◆ **WHAT IS BEING ASKED**: What lines in this listing contain the string "degrees"? Report each one by copying it.
========================
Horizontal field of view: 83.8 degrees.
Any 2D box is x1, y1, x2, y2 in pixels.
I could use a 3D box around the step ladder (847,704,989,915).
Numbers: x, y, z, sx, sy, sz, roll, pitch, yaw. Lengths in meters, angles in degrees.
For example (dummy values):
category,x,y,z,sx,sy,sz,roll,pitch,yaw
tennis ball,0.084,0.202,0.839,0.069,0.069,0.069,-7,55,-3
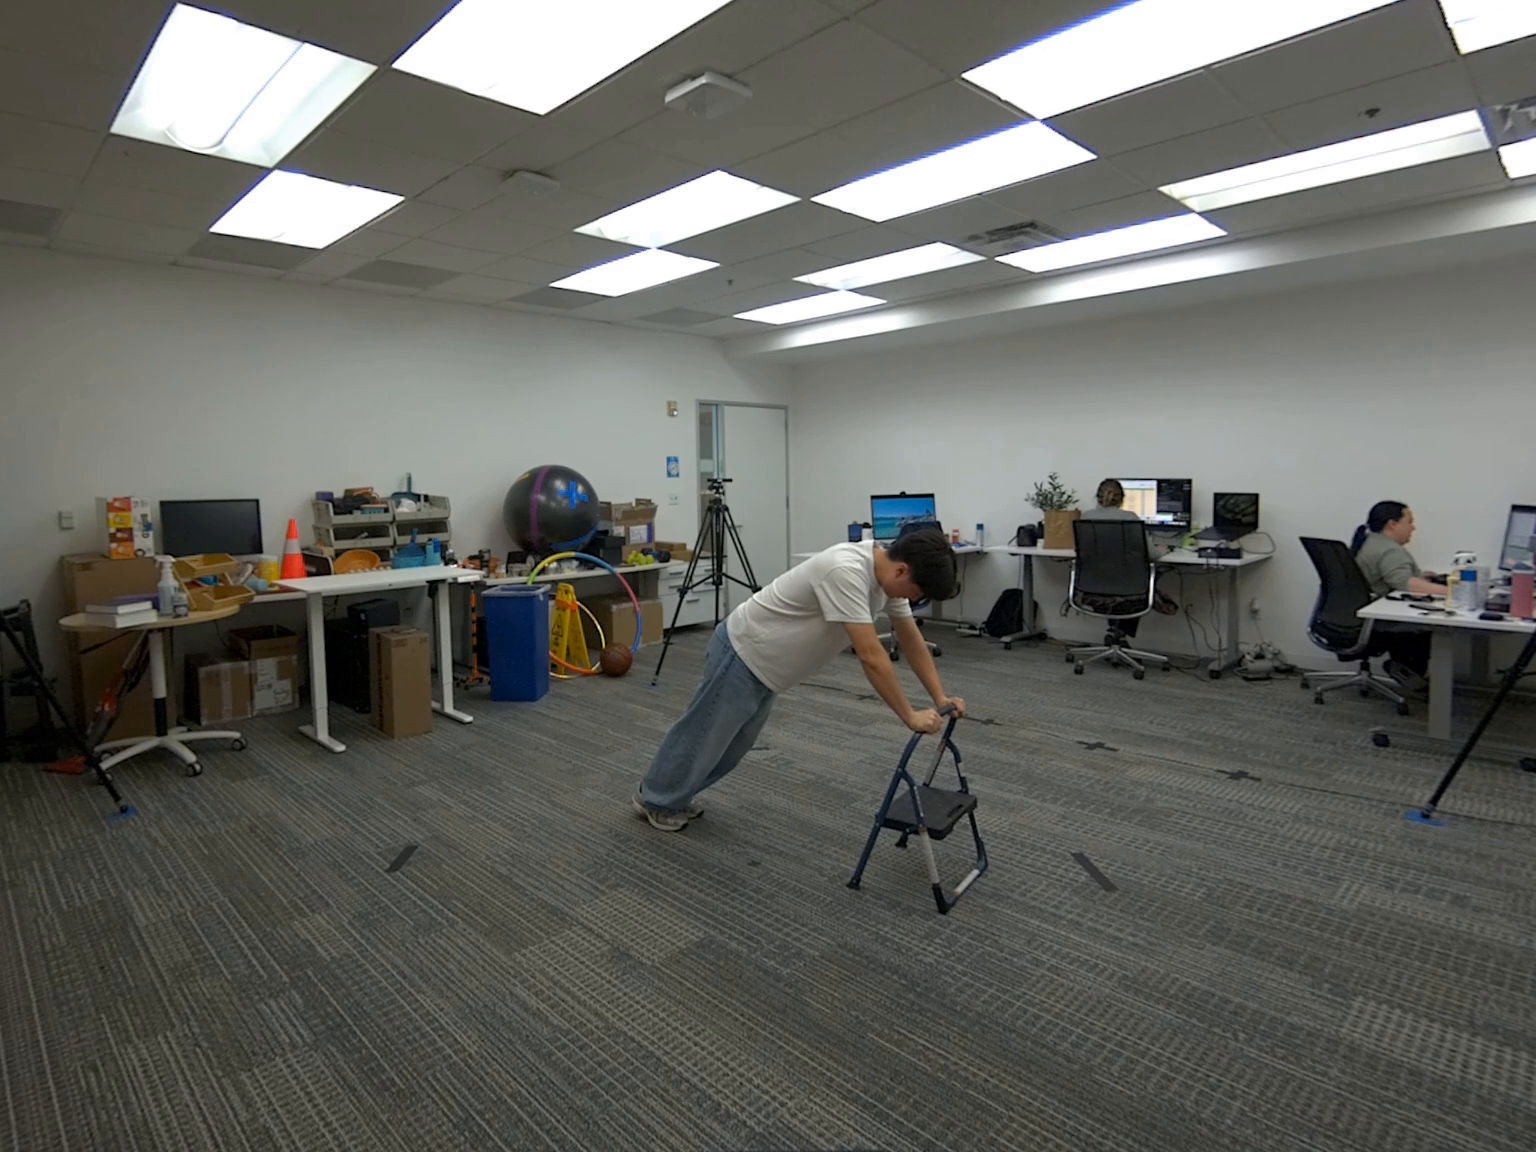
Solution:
========================
◆ **ANSWER SECTION**:
Horizontal field of view: 83.8 degrees.
Numbers: x, y, z, sx, sy, sz, roll, pitch, yaw. Lengths in meters, angles in degrees.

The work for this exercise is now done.